Given that OA = 3i – 2j + k and OB = 4i + j – 3k. Find the distance between point A and B to 2 decimal places.
The following OA , OB etc are vectors
OA + AB = OB
AB = OB - OA
AB = OB + AO
= (4,1,-3) + (-3,2,-1)
= (1,3,-4)
|AB| = √(1^2 + 3^2 + (-4)^2)
= √26
= appr 5.10
Amaizing
To find the distance between two points A and B, we can use the distance formula:
d = sqrt((x2 - x1)^2 + (y2 - y1)^2 + (z2 - z1)^2)

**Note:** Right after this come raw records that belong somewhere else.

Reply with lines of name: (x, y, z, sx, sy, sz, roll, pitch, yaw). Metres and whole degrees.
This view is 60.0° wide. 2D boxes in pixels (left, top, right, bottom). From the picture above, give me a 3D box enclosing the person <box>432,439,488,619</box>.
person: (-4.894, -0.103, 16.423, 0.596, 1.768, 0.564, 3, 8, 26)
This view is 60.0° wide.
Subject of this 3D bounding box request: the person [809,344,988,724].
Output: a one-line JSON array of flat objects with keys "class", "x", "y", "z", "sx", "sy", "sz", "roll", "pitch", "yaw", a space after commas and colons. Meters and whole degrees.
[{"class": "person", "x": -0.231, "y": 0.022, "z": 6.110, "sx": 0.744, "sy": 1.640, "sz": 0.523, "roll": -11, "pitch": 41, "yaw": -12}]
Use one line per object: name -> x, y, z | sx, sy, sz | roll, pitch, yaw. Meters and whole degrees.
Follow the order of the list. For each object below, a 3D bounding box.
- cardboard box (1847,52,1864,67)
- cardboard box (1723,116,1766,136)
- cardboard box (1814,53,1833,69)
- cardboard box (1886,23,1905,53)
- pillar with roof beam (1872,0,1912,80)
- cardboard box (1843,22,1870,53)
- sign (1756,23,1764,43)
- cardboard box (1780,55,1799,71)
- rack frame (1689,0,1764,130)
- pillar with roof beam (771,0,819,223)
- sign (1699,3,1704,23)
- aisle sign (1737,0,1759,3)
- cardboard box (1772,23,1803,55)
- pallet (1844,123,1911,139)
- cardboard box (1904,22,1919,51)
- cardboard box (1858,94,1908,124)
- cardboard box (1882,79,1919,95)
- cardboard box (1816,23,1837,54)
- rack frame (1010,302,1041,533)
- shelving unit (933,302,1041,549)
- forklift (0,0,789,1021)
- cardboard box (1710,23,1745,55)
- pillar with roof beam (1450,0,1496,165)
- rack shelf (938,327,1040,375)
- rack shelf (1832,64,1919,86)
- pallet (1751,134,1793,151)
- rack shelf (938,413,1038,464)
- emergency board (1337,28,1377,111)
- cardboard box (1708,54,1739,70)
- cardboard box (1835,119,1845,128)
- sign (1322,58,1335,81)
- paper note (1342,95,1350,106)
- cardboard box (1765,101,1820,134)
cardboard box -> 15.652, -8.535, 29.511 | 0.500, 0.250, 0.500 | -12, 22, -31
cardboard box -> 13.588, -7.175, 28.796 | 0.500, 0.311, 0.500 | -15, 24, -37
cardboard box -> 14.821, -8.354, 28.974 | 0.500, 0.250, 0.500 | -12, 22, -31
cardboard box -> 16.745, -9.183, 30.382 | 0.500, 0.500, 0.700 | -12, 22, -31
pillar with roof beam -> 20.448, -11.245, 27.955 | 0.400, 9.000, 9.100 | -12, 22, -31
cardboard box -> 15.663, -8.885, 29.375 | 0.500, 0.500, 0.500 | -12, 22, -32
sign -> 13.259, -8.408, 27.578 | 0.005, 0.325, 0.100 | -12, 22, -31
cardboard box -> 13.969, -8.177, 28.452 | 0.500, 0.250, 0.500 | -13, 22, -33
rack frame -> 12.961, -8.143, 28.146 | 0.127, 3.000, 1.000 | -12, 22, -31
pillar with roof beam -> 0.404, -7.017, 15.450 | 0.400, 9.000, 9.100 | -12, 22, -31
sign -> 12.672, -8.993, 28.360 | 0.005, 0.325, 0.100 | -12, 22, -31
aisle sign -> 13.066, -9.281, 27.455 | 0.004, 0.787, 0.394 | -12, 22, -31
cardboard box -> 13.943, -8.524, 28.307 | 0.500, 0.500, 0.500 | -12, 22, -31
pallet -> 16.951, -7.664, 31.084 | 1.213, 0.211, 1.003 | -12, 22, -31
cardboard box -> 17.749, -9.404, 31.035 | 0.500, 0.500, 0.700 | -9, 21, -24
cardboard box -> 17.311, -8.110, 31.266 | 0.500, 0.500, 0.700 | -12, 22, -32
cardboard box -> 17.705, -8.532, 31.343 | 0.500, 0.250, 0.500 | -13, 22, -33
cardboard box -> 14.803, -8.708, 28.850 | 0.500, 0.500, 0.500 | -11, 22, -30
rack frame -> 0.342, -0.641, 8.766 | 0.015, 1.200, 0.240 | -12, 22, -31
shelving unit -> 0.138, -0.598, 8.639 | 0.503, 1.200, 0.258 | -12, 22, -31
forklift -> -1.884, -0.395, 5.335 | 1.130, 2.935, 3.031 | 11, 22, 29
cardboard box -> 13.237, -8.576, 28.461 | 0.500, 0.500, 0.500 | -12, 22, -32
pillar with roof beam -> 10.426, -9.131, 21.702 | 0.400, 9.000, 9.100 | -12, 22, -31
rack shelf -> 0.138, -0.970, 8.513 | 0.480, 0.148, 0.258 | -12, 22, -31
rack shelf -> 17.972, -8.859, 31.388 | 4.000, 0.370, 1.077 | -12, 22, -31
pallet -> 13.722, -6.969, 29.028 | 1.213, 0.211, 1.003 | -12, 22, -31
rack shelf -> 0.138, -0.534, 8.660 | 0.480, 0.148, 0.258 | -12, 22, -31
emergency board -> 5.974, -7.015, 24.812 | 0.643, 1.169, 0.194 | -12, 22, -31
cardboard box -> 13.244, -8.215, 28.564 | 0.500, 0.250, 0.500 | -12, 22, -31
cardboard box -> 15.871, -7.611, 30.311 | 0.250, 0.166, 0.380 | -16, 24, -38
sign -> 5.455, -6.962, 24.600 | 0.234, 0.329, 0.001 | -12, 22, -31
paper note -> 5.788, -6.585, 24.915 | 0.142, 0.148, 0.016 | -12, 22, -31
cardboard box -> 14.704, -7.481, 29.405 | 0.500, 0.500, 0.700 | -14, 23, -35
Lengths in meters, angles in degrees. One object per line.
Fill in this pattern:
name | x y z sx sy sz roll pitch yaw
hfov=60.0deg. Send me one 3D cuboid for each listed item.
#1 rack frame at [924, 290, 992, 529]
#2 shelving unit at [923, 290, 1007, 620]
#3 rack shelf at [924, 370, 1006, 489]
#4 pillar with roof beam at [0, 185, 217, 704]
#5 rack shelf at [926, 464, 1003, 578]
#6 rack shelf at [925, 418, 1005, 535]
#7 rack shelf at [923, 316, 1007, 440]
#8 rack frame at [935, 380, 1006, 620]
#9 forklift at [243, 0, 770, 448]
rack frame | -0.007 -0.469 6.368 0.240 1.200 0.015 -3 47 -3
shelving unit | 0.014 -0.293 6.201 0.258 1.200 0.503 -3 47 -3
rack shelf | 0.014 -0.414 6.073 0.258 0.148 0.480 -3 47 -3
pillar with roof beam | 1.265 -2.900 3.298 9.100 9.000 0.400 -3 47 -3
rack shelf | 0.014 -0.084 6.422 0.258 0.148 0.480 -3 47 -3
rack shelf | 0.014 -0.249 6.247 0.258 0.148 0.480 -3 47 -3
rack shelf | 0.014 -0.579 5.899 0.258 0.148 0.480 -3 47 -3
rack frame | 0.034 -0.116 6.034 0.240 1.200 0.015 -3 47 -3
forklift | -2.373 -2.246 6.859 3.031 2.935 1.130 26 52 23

In this case, A has coordinates (x1, y1, z1) and B has coordinates (x2, y2, z2).
Let's plug in the values:
A = 3i - 2j + k
B = 4i + j - 3k
By comparing the coefficients, we can see that:
x1 = 3, y1 = -2, z1 = 1
x2 = 4, y2 = 1, z2 = -3
Now we can substitute these values into the distance formula:
d = sqrt((4 - 3)^2 + (1 - (-2))^2 + (-3 - 1)^2)
Simplifying further:
d = sqrt(1^2 + 3^2 + (-4)^2)
d = sqrt(1 + 9 + 16)
d = sqrt(26)
To 2 decimal places, the distance between point A and B is approximately 5.10.